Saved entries
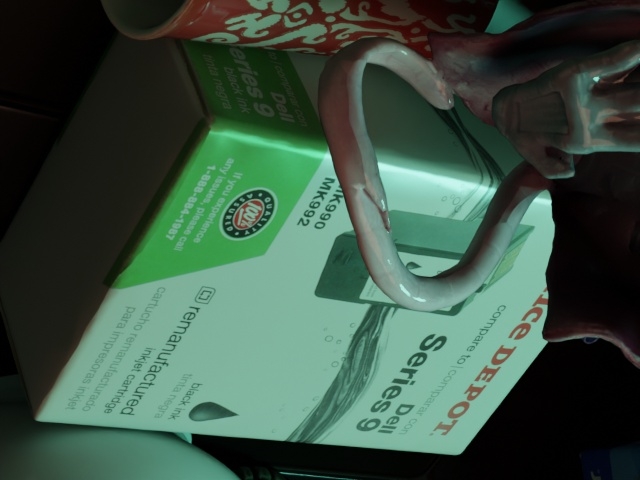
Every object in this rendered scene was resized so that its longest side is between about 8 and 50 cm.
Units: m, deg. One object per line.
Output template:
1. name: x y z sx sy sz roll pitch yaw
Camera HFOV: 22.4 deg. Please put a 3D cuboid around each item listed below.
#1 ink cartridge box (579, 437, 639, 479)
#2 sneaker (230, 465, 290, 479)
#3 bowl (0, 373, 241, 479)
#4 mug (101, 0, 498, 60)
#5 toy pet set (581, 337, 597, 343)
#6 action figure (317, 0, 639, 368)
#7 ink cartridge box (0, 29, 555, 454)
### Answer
1. ink cartridge box: 0.326 0.260 1.133 0.151 0.270 0.395 -6 172 -20
2. sneaker: -0.044 0.286 1.147 0.146 0.134 0.343 -21 139 -5
3. bowl: -0.152 0.166 0.931 0.298 0.134 0.298 3 151 2
4. mug: 0.003 -0.149 0.744 0.169 0.113 0.150 6 131 -36
5. toy pet set: 0.176 0.042 1.059 0.122 0.065 0.114 8 129 -33
6. action figure: 0.181 -0.043 0.810 0.276 0.370 0.248 -7 108 15
7. ink cartridge box: 0.000 0.000 0.883 0.289 0.121 0.211 9 128 -34
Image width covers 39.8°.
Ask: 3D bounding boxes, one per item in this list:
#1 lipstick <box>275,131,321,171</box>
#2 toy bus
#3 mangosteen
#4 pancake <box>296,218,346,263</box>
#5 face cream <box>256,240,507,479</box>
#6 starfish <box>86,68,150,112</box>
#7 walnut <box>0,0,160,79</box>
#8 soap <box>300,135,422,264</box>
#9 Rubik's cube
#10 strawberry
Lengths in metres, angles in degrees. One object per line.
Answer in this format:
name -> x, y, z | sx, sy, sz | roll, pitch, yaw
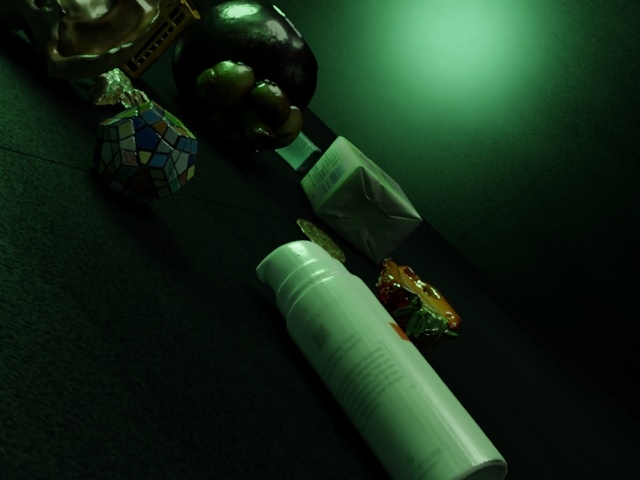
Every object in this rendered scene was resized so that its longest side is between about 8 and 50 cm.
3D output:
lipstick -> -0.137, -0.284, 1.958 | 0.317, 0.068, 0.066 | 44, 11, 7
toy bus -> -0.262, -0.357, 1.439 | 0.088, 0.194, 0.083 | 44, 11, -10
mangosteen -> -0.122, -0.284, 1.567 | 0.287, 0.233, 0.287 | 54, -8, 12
pancake -> 0.001, -0.001, 1.488 | 0.115, 0.011, 0.115 | 41, 10, -9
face cream -> 0.048, 0.127, 0.908 | 0.102, 0.102, 0.345 | 30, 18, -51
starfish -> -0.278, -0.200, 1.202 | 0.150, 0.053, 0.209 | 51, 0, -31
walnut -> -0.315, -0.312, 1.100 | 0.238, 0.204, 0.141 | 49, -22, -8
soap -> 0.078, -0.080, 1.744 | 0.182, 0.138, 0.199 | 37, 12, -22
Rubik's cube -> -0.185, -0.093, 0.934 | 0.093, 0.111, 0.111 | -7, 45, -40
strawberry -> 0.138, 0.106, 1.373 | 0.192, 0.085, 0.140 | 42, 17, 26
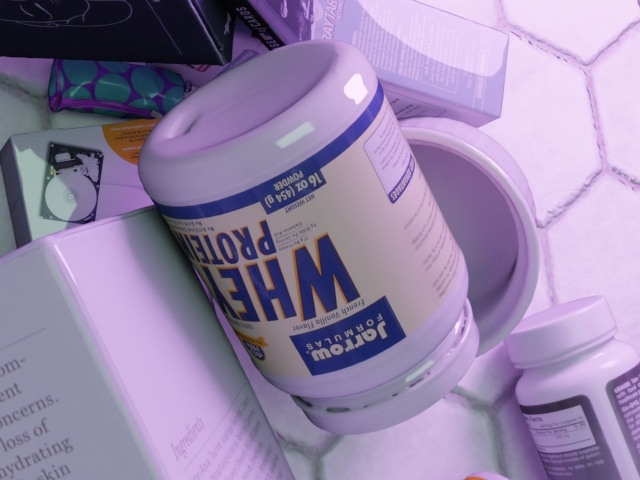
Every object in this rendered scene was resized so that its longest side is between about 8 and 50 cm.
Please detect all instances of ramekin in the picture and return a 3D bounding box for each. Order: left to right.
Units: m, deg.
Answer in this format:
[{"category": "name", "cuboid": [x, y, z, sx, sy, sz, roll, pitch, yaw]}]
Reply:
[{"category": "ramekin", "cuboid": [0.113, -0.007, 1.232, 0.277, 0.277, 0.135, 54, 26, -7]}]

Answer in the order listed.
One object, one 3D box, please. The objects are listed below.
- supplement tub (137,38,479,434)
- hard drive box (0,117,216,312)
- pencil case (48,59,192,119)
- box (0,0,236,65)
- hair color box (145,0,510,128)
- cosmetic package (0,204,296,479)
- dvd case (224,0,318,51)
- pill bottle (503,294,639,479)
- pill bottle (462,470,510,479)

What the task requires:
Give all the entries again exactly, dropping each picture.

Exercise output:
Every object in this rendered scene was resized so that its longest side is between about 8 and 50 cm.
Units: m, deg. One object per line.
Output template:
1. name: x y z sx sy sz roll pitch yaw
Camera HFOV: 22.4 deg. Please put a 3D cuboid around each item listed below.
#1 ink cartridge box (579, 437, 639, 479)
#2 sneaker (230, 465, 290, 479)
#3 bowl (0, 373, 241, 479)
#4 mug (101, 0, 498, 60)
#5 toy pet set (581, 337, 597, 343)
#6 action figure (317, 0, 639, 368)
#7 ink cartridge box (0, 29, 555, 454)
### Answer
1. ink cartridge box: 0.326 0.260 1.133 0.151 0.270 0.395 -6 172 -20
2. sneaker: -0.044 0.286 1.147 0.146 0.134 0.343 -21 139 -5
3. bowl: -0.152 0.166 0.931 0.298 0.134 0.298 3 151 2
4. mug: 0.003 -0.149 0.744 0.169 0.113 0.150 6 131 -36
5. toy pet set: 0.176 0.042 1.059 0.122 0.065 0.114 8 129 -33
6. action figure: 0.181 -0.043 0.810 0.276 0.370 0.248 -7 108 15
7. ink cartridge box: 0.000 0.000 0.883 0.289 0.121 0.211 9 128 -34
Image width covers 39.8°.
Ask: 3D bounding boxes, one per item in this list:
#1 lipstick <box>275,131,321,171</box>
#2 toy bus
#3 mangosteen
#4 pancake <box>296,218,346,263</box>
#5 face cream <box>256,240,507,479</box>
#6 starfish <box>86,68,150,112</box>
#7 walnut <box>0,0,160,79</box>
#8 soap <box>300,135,422,264</box>
#9 Rubik's cube
#10 strawberry
Lengths in metres, angles in degrees. One object per line.
Answer in this format:
name -> x, y, z | sx, sy, sz | roll, pitch, yaw
Every object in this rendered scene was resized so that its longest side is between about 8 and 50 cm.
3D output:
lipstick -> -0.137, -0.284, 1.958 | 0.317, 0.068, 0.066 | 44, 11, 7
toy bus -> -0.262, -0.357, 1.439 | 0.088, 0.194, 0.083 | 44, 11, -10
mangosteen -> -0.122, -0.284, 1.567 | 0.287, 0.233, 0.287 | 54, -8, 12
pancake -> 0.001, -0.001, 1.488 | 0.115, 0.011, 0.115 | 41, 10, -9
face cream -> 0.048, 0.127, 0.908 | 0.102, 0.102, 0.345 | 30, 18, -51
starfish -> -0.278, -0.200, 1.202 | 0.150, 0.053, 0.209 | 51, 0, -31
walnut -> -0.315, -0.312, 1.100 | 0.238, 0.204, 0.141 | 49, -22, -8
soap -> 0.078, -0.080, 1.744 | 0.182, 0.138, 0.199 | 37, 12, -22
Rubik's cube -> -0.185, -0.093, 0.934 | 0.093, 0.111, 0.111 | -7, 45, -40
strawberry -> 0.138, 0.106, 1.373 | 0.192, 0.085, 0.140 | 42, 17, 26
Every object in this rendered scene was resized so that its longest side is between about 8 and 50 cm.
Please detect all instances of ramekin in the picture and return a 3D bounding box for each. Order: left to right.
Units: m, deg.
Answer in this format:
[{"category": "name", "cuboid": [x, y, z, sx, sy, sz, roll, pitch, yaw]}]
Reply:
[{"category": "ramekin", "cuboid": [0.113, -0.007, 1.232, 0.277, 0.277, 0.135, 54, 26, -7]}]

Answer in the order listed.
One object, one 3D box, please. The objects are listed below.
- supplement tub (137,38,479,434)
- hard drive box (0,117,216,312)
- pencil case (48,59,192,119)
- box (0,0,236,65)
- hair color box (145,0,510,128)
- cosmetic package (0,204,296,479)
- dvd case (224,0,318,51)
- pill bottle (503,294,639,479)
- pill bottle (462,470,510,479)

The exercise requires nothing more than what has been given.